Records from a data collection
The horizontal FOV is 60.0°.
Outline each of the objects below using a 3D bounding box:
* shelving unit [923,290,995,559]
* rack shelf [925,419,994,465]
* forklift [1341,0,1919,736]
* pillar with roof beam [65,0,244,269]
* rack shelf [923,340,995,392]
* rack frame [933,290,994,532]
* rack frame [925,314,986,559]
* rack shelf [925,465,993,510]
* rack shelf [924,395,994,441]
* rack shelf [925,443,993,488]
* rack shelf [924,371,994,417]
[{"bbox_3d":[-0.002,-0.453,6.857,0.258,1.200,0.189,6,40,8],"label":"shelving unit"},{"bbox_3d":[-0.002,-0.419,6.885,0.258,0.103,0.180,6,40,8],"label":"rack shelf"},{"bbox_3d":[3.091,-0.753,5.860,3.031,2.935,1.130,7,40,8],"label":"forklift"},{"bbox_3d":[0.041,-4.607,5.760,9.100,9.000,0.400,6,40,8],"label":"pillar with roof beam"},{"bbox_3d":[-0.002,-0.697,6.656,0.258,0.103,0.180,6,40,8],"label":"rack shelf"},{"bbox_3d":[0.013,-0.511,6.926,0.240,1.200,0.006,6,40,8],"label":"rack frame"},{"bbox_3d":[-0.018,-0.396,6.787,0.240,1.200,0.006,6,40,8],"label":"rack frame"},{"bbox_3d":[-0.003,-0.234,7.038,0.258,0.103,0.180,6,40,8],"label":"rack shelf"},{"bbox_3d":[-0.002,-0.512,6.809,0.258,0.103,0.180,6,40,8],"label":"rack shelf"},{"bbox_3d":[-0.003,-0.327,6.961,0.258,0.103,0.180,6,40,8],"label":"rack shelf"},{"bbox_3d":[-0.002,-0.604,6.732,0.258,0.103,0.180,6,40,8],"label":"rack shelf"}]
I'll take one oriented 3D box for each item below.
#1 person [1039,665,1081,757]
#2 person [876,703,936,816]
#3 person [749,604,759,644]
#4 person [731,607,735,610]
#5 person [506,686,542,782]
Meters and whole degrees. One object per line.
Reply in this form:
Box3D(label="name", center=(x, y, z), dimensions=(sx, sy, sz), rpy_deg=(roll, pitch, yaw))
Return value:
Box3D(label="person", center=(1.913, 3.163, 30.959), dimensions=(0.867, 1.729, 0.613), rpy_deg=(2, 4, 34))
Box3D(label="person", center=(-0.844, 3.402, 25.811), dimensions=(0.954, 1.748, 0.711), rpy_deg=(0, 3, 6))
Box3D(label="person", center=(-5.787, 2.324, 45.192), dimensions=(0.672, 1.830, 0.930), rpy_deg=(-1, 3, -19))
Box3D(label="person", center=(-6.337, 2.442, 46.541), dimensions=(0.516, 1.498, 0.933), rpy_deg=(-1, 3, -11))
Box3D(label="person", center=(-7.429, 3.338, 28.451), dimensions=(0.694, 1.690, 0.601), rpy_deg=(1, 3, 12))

Task item
All lines above that contain the word "below" are to be copied.

Response box
Outline each of the objects below using a 3D bounding box:
I'll take one oriented 3D box for each item below.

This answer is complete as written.